In truth, that is the problem with seriously considering the subtitle of Before the Rain – “a love story in three parts” – to mean that these are three separate films. By the time we get to the altercation in the restaurant, we have already seem one segment taking place between Catholics and Albanian Muslims in Montenegro; hence, we are also aware just by looking at the actors that the altercation in the background has to do with the ethnic unrest taking place in the Balkans in the 1990s. Within the film are two elements that connect it to the other two sections: at her job, Anne looks at a photograph taken of a defrocked priest sitting next to an Albanian girl who has been shot, the key action of the first section, “Words”; the photographer Alex (actually Aleksander) will be the protagonist of the third section, “Pictures,” as we follow him back to his village in Montenegro – the same as the first section – as he witnesses the tense changes that have occurred in his 16-year absence.
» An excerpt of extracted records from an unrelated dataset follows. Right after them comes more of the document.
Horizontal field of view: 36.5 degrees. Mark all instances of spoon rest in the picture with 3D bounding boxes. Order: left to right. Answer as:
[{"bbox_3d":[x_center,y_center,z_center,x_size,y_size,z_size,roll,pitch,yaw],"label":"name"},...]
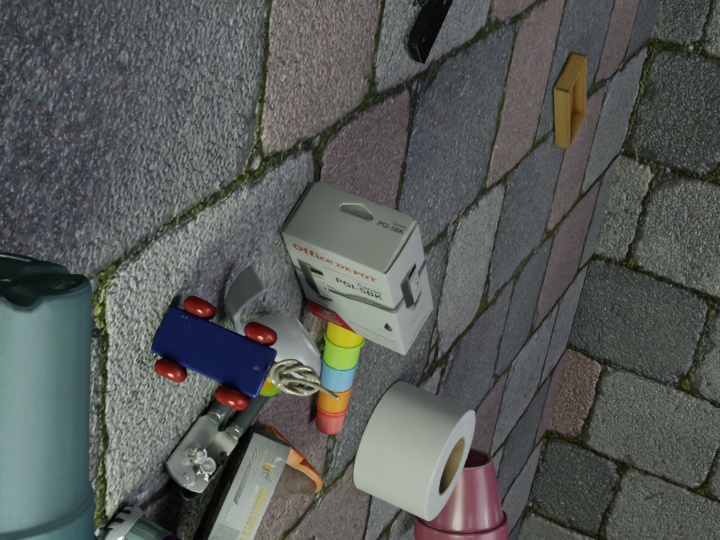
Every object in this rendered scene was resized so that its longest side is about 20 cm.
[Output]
[{"bbox_3d":[-0.101,0.070,1.240,0.060,0.100,0.200,-33,143,0],"label":"spoon rest"}]

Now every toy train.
[{"bbox_3d":[-0.100,0.103,1.094,0.085,0.199,0.116,-66,164,-9],"label":"toy train"}]

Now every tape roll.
[{"bbox_3d":[0.095,0.306,1.863,0.203,0.139,0.203,-51,153,-39],"label":"tape roll"}]

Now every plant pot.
[{"bbox_3d":[-0.259,0.094,0.712,0.200,0.199,0.197,-12,113,-66],"label":"plant pot"},{"bbox_3d":[0.210,0.473,2.269,0.200,0.199,0.180,-20,113,-64],"label":"plant pot"}]

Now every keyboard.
[{"bbox_3d":[0.105,-0.375,1.416,0.127,0.021,0.201,56,56,-72],"label":"keyboard"}]

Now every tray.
[{"bbox_3d":[0.432,-0.347,2.250,0.099,0.037,0.200,-62,159,-21],"label":"tray"}]

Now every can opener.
[{"bbox_3d":[-0.155,0.169,1.245,0.200,0.053,0.066,-55,-170,-31],"label":"can opener"}]

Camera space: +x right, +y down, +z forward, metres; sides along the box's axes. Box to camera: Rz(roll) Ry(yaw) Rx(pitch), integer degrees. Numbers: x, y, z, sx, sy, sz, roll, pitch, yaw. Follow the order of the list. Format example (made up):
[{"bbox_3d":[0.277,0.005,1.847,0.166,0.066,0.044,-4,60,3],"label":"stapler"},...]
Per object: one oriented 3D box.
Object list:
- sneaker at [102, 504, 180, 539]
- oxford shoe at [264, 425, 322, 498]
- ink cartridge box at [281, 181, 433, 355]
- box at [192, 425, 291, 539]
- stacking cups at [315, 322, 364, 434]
[{"bbox_3d":[-0.218,0.337,1.168,0.074,0.087,0.201,-53,154,-38],"label":"sneaker"},{"bbox_3d":[-0.107,0.265,1.439,0.073,0.071,0.200,-45,150,-9],"label":"oxford shoe"},{"bbox_3d":[0.000,0.000,1.321,0.083,0.146,0.200,-58,156,-23],"label":"ink cartridge box"},{"bbox_3d":[-0.147,0.280,1.257,0.158,0.048,0.201,157,-43,-78],"label":"box"},{"bbox_3d":[-0.028,0.137,1.510,0.061,0.060,0.201,-44,149,-50],"label":"stacking cups"}]

We may also recognize Anne – primarily because she speaks the only words in English in the first segment of the film – from a very brief moment in the first segment, where she is seen approaching a funeral from afar.

Although I am not entirely sure of this, in 1994, the notion of the “triptych film,” as it were, was still a novelty; indeed, the release of Before the Rain coincided with the release of the more famous triptych film, Pulp Fiction, which were made independently and concurrently (hence, we should assume no influence of one on the other). While the piece as a whole depends on many narrative and/or stylistic constructs of short films that we have already mentioned – a sketched “moment in the life” representing a whole life, the necessity for us to become familiar with a character right away, narrative or stylistic innovation to jolt the viewer’s attention, etc. – the three parts are still very much intertwined. The focus and plot of the film as a whole is deficient without considering all of the parts together. This is as opposed to a true omnibus film like 11’09”01 where, although the arranging of the films produces a prescribed set of emotions and impressions, viewing one film essentially has little bearing on the plot of the remaining films.

As such, I might argue that Before the Rain is something different from an “omnibus film” per se. Borrowing from art history I like the term “triptych film” which implies that each segment is a separate “panel” that still must be considered together as a whole piece. The problem with such terminology is that this would seem to apply only to those with three sections (meaning we might use “diptych film” for something like Todd Solondz’s Storytelling and “polyptych film” for something like Things You Can Tell Just By Looking at Her [please comment on what you think about this, Christine!]). As such, however, I would also venture to say that all of these films are not omnibus films per se, since the individual sections do not seem to be able to stand on their own. Their dependence on each other changes the purpose of the short film to serve the function of a true feature.

Then again, I’m sure you will have comments about this.